-- DATASET CONTENT follows --

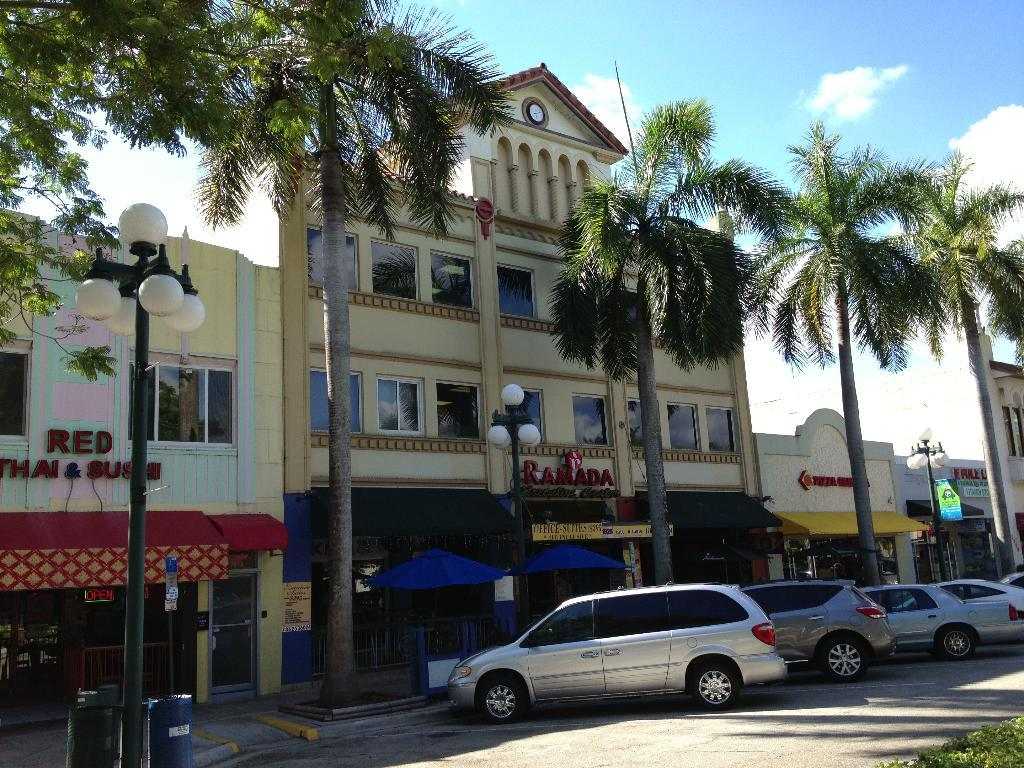What type of structures can be seen in the image? There are buildings in the image. What natural elements are present in the image? There are trees in the image. What type of lighting is visible in the image? There are pole lights in the image. What type of vehicles can be seen in the image? Cars are parked on the side in the image. Can you see any pigs or owls in the image? No, there are no pigs or owls present in the image. Is anyone wearing a scarf in the image? There is no information about people or clothing in the image, so it cannot be determined if anyone is wearing a scarf. 
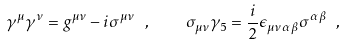Convert formula to latex. <formula><loc_0><loc_0><loc_500><loc_500>\gamma ^ { \mu } \gamma ^ { \nu } = g ^ { \mu \nu } - i \sigma ^ { \mu \nu } \ , \quad \sigma _ { \mu \nu } \gamma _ { 5 } = \frac { i } { 2 } \epsilon _ { \mu \nu \alpha \beta } \sigma ^ { \alpha \beta } \ ,</formula> 
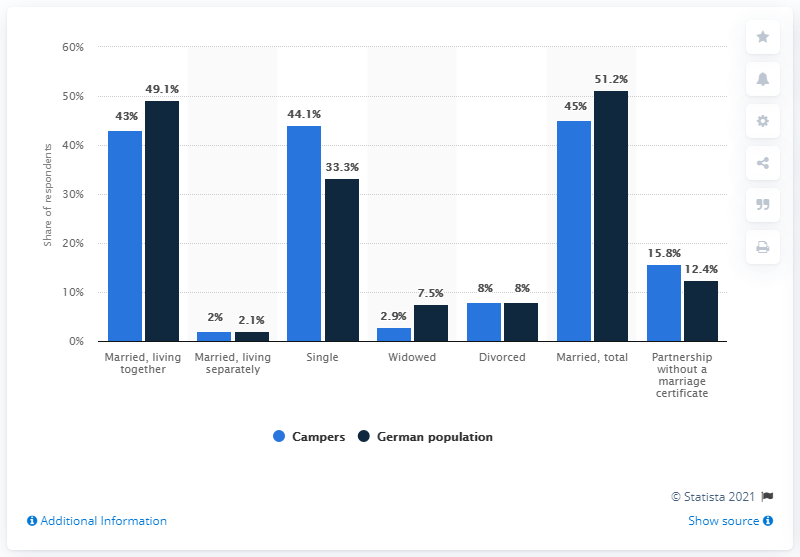Highlight a few significant elements in this photo. In 2020, approximately 49.1% of Germans were married and living together. 
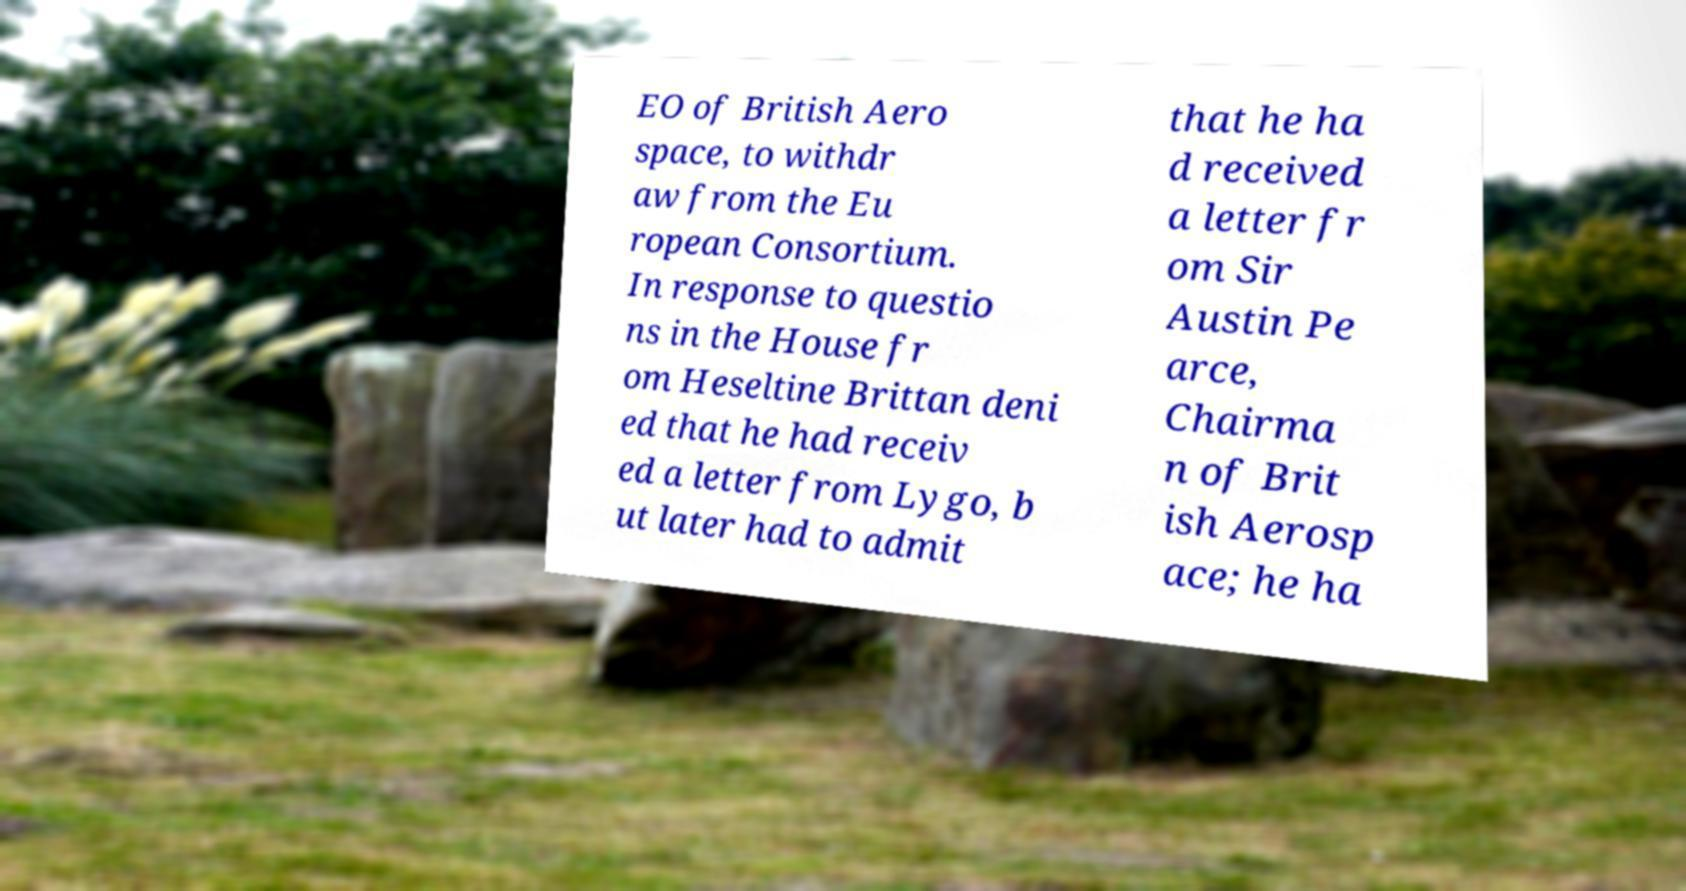Can you read and provide the text displayed in the image?This photo seems to have some interesting text. Can you extract and type it out for me? EO of British Aero space, to withdr aw from the Eu ropean Consortium. In response to questio ns in the House fr om Heseltine Brittan deni ed that he had receiv ed a letter from Lygo, b ut later had to admit that he ha d received a letter fr om Sir Austin Pe arce, Chairma n of Brit ish Aerosp ace; he ha 
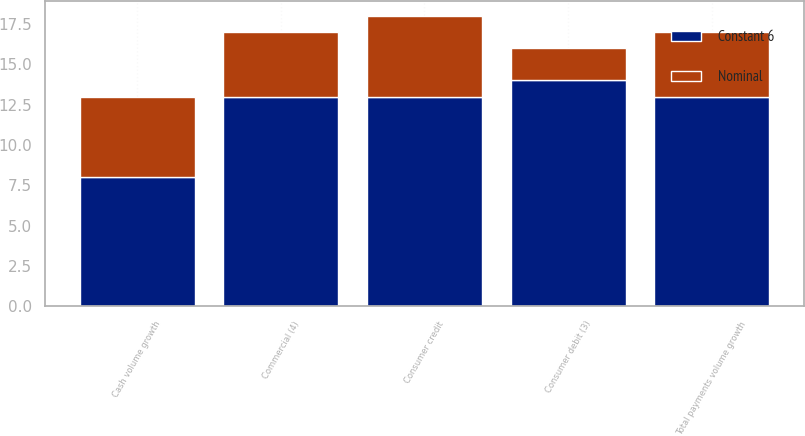Convert chart to OTSL. <chart><loc_0><loc_0><loc_500><loc_500><stacked_bar_chart><ecel><fcel>Consumer credit<fcel>Consumer debit (3)<fcel>Commercial (4)<fcel>Total payments volume growth<fcel>Cash volume growth<nl><fcel>Nominal<fcel>5<fcel>2<fcel>4<fcel>4<fcel>5<nl><fcel>Constant 6<fcel>13<fcel>14<fcel>13<fcel>13<fcel>8<nl></chart> 
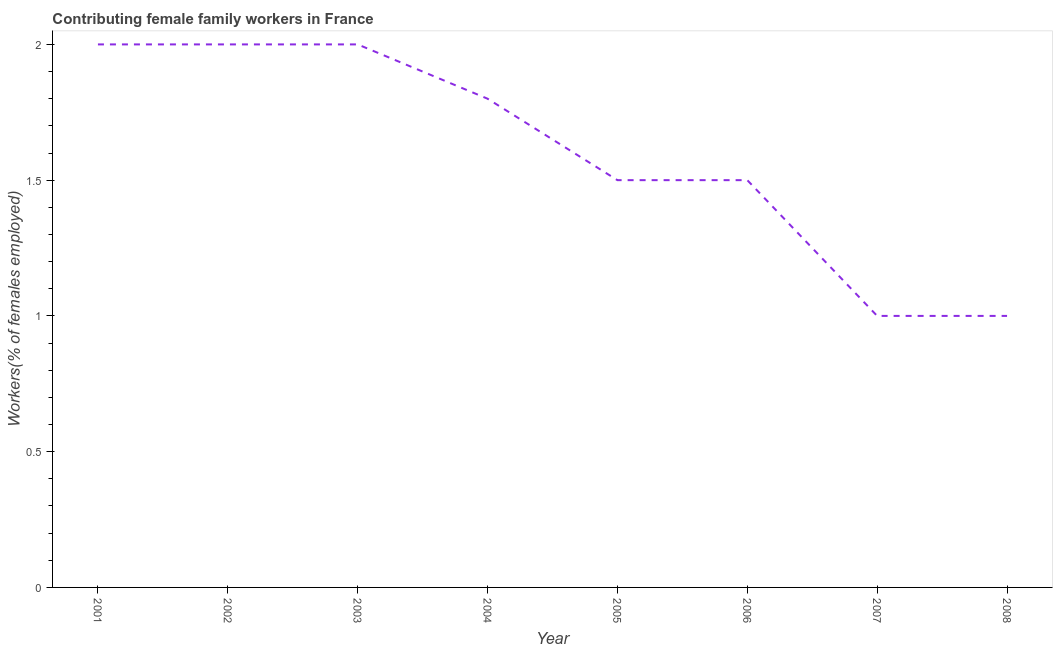Across all years, what is the minimum contributing female family workers?
Ensure brevity in your answer.  1. What is the sum of the contributing female family workers?
Offer a terse response. 12.8. What is the average contributing female family workers per year?
Your answer should be very brief. 1.6. What is the median contributing female family workers?
Offer a terse response. 1.65. In how many years, is the contributing female family workers greater than 1.1 %?
Give a very brief answer. 6. Do a majority of the years between 2001 and 2005 (inclusive) have contributing female family workers greater than 0.30000000000000004 %?
Give a very brief answer. Yes. What is the ratio of the contributing female family workers in 2004 to that in 2008?
Provide a succinct answer. 1.8. Is the sum of the contributing female family workers in 2005 and 2008 greater than the maximum contributing female family workers across all years?
Keep it short and to the point. Yes. Does the contributing female family workers monotonically increase over the years?
Provide a short and direct response. No. What is the difference between two consecutive major ticks on the Y-axis?
Provide a short and direct response. 0.5. Does the graph contain any zero values?
Provide a short and direct response. No. Does the graph contain grids?
Provide a succinct answer. No. What is the title of the graph?
Your answer should be compact. Contributing female family workers in France. What is the label or title of the X-axis?
Give a very brief answer. Year. What is the label or title of the Y-axis?
Provide a short and direct response. Workers(% of females employed). What is the Workers(% of females employed) of 2004?
Make the answer very short. 1.8. What is the Workers(% of females employed) of 2005?
Ensure brevity in your answer.  1.5. What is the difference between the Workers(% of females employed) in 2001 and 2002?
Make the answer very short. 0. What is the difference between the Workers(% of females employed) in 2001 and 2003?
Provide a succinct answer. 0. What is the difference between the Workers(% of females employed) in 2001 and 2004?
Offer a terse response. 0.2. What is the difference between the Workers(% of females employed) in 2001 and 2005?
Offer a very short reply. 0.5. What is the difference between the Workers(% of females employed) in 2001 and 2006?
Offer a terse response. 0.5. What is the difference between the Workers(% of females employed) in 2001 and 2007?
Your answer should be compact. 1. What is the difference between the Workers(% of females employed) in 2001 and 2008?
Offer a terse response. 1. What is the difference between the Workers(% of females employed) in 2002 and 2003?
Your answer should be very brief. 0. What is the difference between the Workers(% of females employed) in 2002 and 2004?
Provide a succinct answer. 0.2. What is the difference between the Workers(% of females employed) in 2002 and 2006?
Provide a short and direct response. 0.5. What is the difference between the Workers(% of females employed) in 2003 and 2006?
Your response must be concise. 0.5. What is the difference between the Workers(% of females employed) in 2003 and 2007?
Give a very brief answer. 1. What is the difference between the Workers(% of females employed) in 2003 and 2008?
Your response must be concise. 1. What is the difference between the Workers(% of females employed) in 2004 and 2007?
Offer a terse response. 0.8. What is the difference between the Workers(% of females employed) in 2004 and 2008?
Give a very brief answer. 0.8. What is the difference between the Workers(% of females employed) in 2005 and 2006?
Offer a terse response. 0. What is the difference between the Workers(% of females employed) in 2005 and 2007?
Provide a short and direct response. 0.5. What is the difference between the Workers(% of females employed) in 2006 and 2007?
Your answer should be very brief. 0.5. What is the difference between the Workers(% of females employed) in 2007 and 2008?
Offer a terse response. 0. What is the ratio of the Workers(% of females employed) in 2001 to that in 2004?
Provide a succinct answer. 1.11. What is the ratio of the Workers(% of females employed) in 2001 to that in 2005?
Your answer should be compact. 1.33. What is the ratio of the Workers(% of females employed) in 2001 to that in 2006?
Give a very brief answer. 1.33. What is the ratio of the Workers(% of females employed) in 2001 to that in 2008?
Provide a short and direct response. 2. What is the ratio of the Workers(% of females employed) in 2002 to that in 2003?
Keep it short and to the point. 1. What is the ratio of the Workers(% of females employed) in 2002 to that in 2004?
Provide a short and direct response. 1.11. What is the ratio of the Workers(% of females employed) in 2002 to that in 2005?
Provide a short and direct response. 1.33. What is the ratio of the Workers(% of females employed) in 2002 to that in 2006?
Your response must be concise. 1.33. What is the ratio of the Workers(% of females employed) in 2002 to that in 2008?
Ensure brevity in your answer.  2. What is the ratio of the Workers(% of females employed) in 2003 to that in 2004?
Provide a succinct answer. 1.11. What is the ratio of the Workers(% of females employed) in 2003 to that in 2005?
Provide a short and direct response. 1.33. What is the ratio of the Workers(% of females employed) in 2003 to that in 2006?
Make the answer very short. 1.33. What is the ratio of the Workers(% of females employed) in 2003 to that in 2007?
Keep it short and to the point. 2. What is the ratio of the Workers(% of females employed) in 2004 to that in 2005?
Provide a short and direct response. 1.2. What is the ratio of the Workers(% of females employed) in 2004 to that in 2007?
Give a very brief answer. 1.8. What is the ratio of the Workers(% of females employed) in 2005 to that in 2006?
Provide a succinct answer. 1. What is the ratio of the Workers(% of females employed) in 2005 to that in 2008?
Offer a very short reply. 1.5. What is the ratio of the Workers(% of females employed) in 2006 to that in 2007?
Provide a succinct answer. 1.5. 
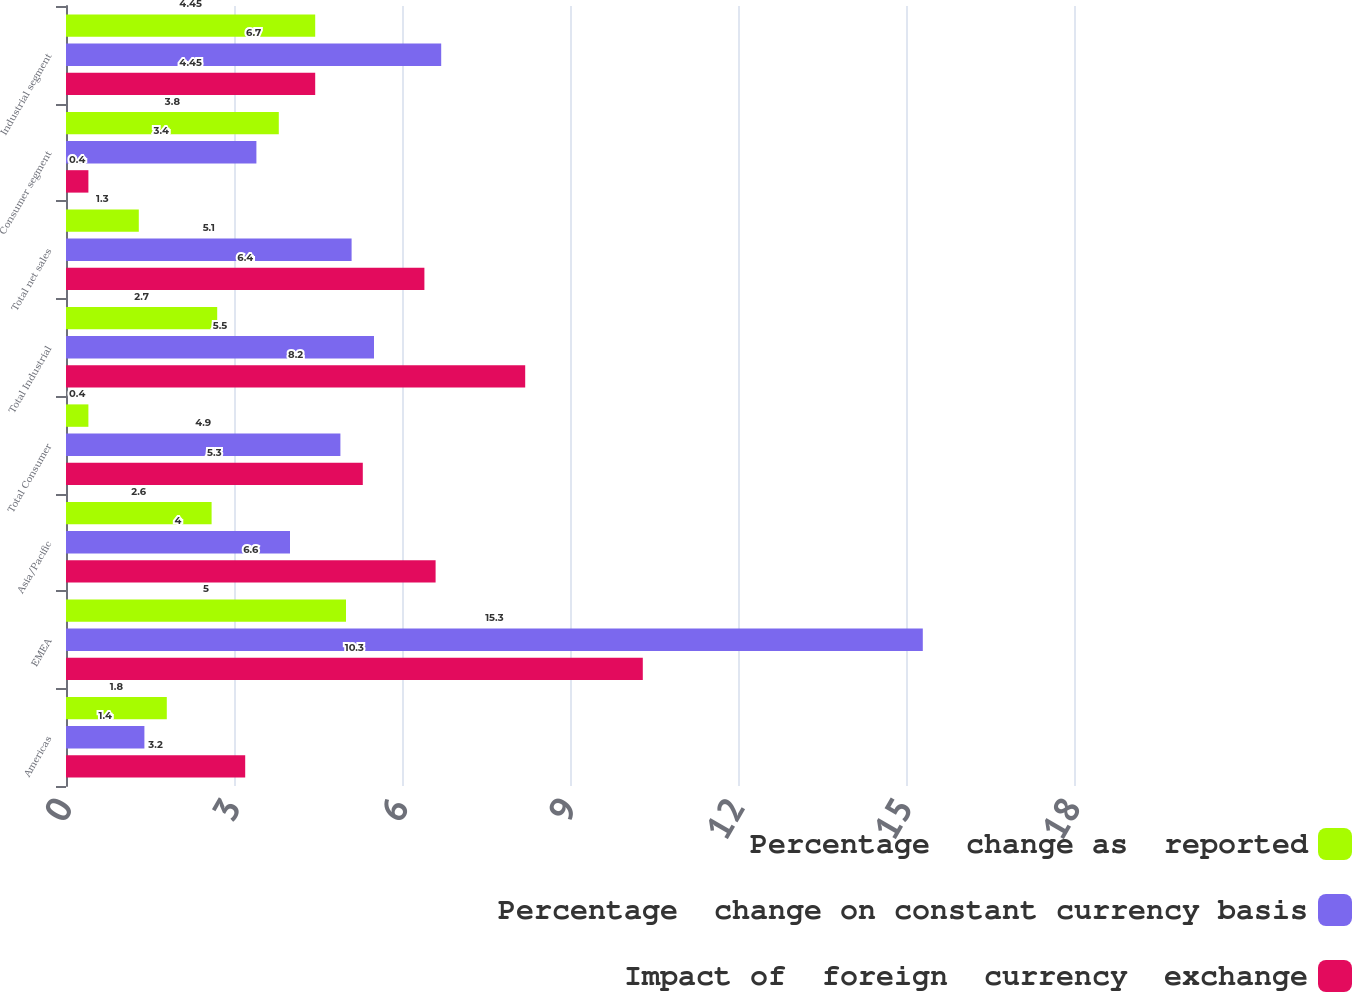Convert chart to OTSL. <chart><loc_0><loc_0><loc_500><loc_500><stacked_bar_chart><ecel><fcel>Americas<fcel>EMEA<fcel>Asia/Pacific<fcel>Total Consumer<fcel>Total Industrial<fcel>Total net sales<fcel>Consumer segment<fcel>Industrial segment<nl><fcel>Percentage  change as  reported<fcel>1.8<fcel>5<fcel>2.6<fcel>0.4<fcel>2.7<fcel>1.3<fcel>3.8<fcel>4.45<nl><fcel>Percentage  change on constant currency basis<fcel>1.4<fcel>15.3<fcel>4<fcel>4.9<fcel>5.5<fcel>5.1<fcel>3.4<fcel>6.7<nl><fcel>Impact of  foreign  currency  exchange<fcel>3.2<fcel>10.3<fcel>6.6<fcel>5.3<fcel>8.2<fcel>6.4<fcel>0.4<fcel>4.45<nl></chart> 
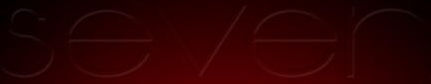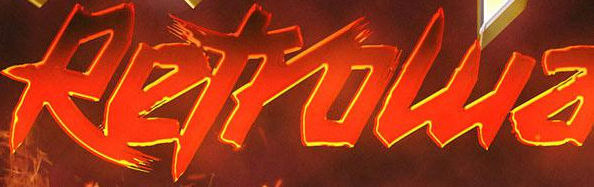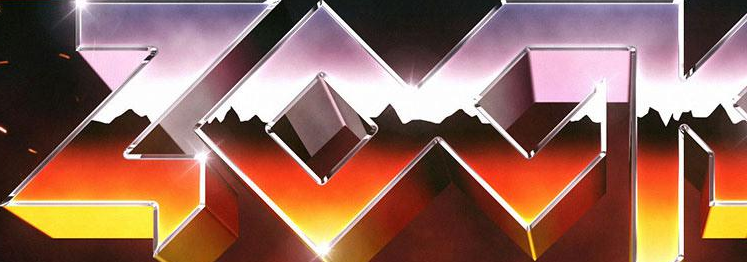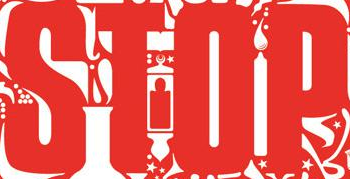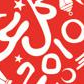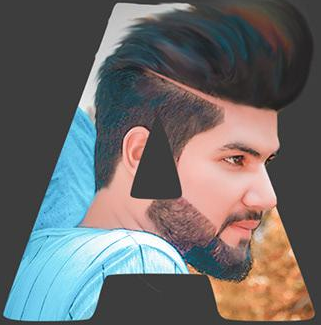What text appears in these images from left to right, separated by a semicolon? sever; Retrowa; ZOCK; STOP; 2010; A 
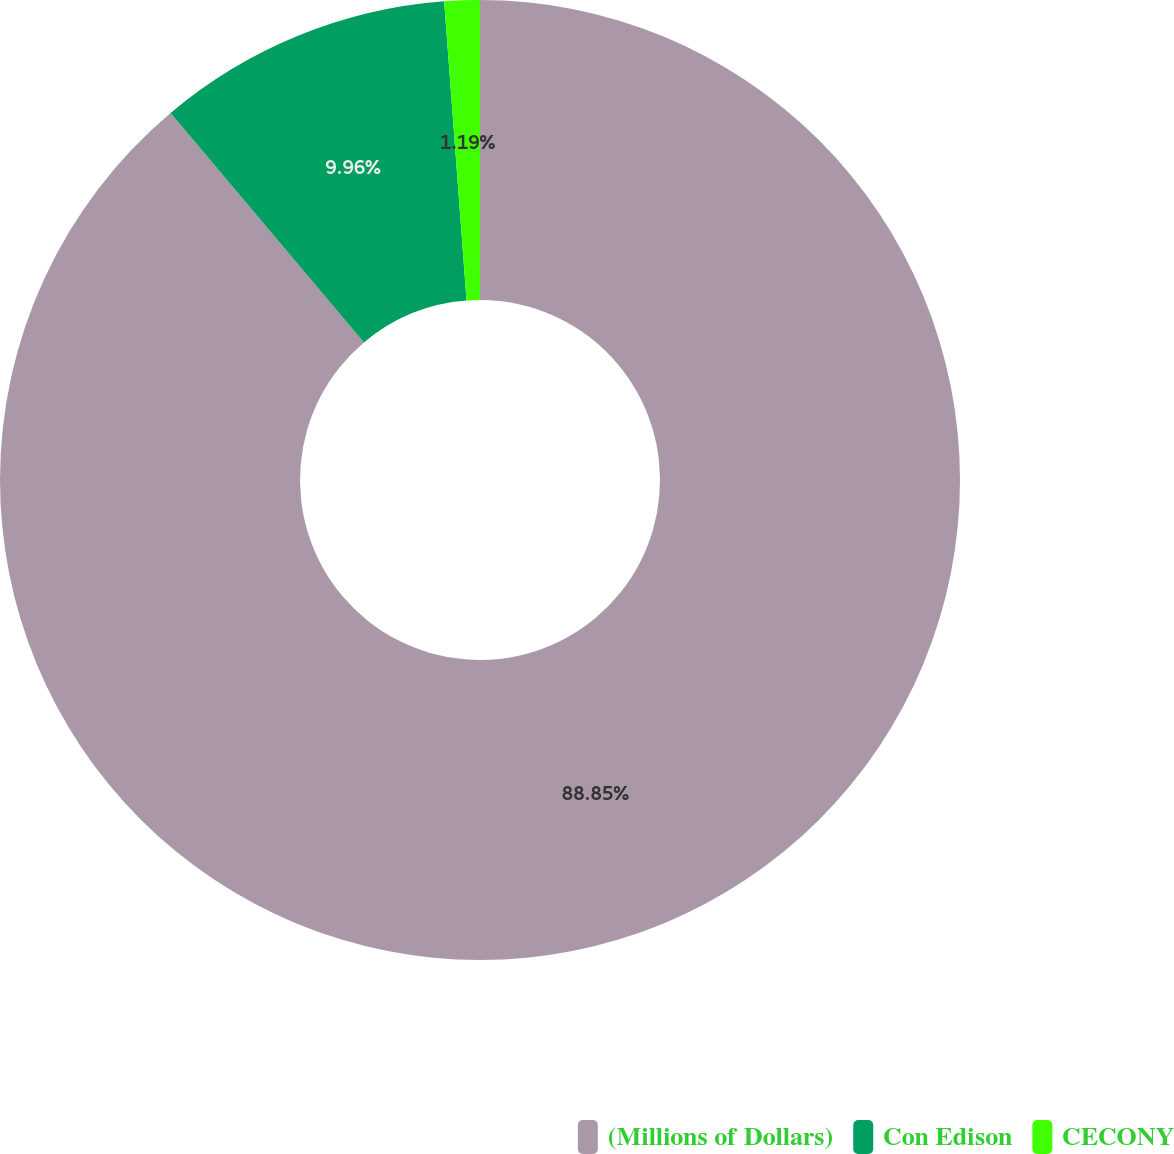Convert chart. <chart><loc_0><loc_0><loc_500><loc_500><pie_chart><fcel>(Millions of Dollars)<fcel>Con Edison<fcel>CECONY<nl><fcel>88.85%<fcel>9.96%<fcel>1.19%<nl></chart>

-- DATASET CONTENT concluded --

- [PROBLEM STATEMENT]: The required output is a copy of each line in the records where the string "greater" occurs.

- [RESPONSE BELOW]:
Offer a terse response. 1.65. In how many years, is the contributing female family workers greater than 1.1 %?
Give a very brief answer. 6. Do a majority of the years between 2001 and 2005 (inclusive) have contributing female family workers greater than 0.30000000000000004 %?
Provide a succinct answer. 1.8. Is the sum of the contributing female family workers in 2005 and 2008 greater than the maximum contributing female family workers across all years?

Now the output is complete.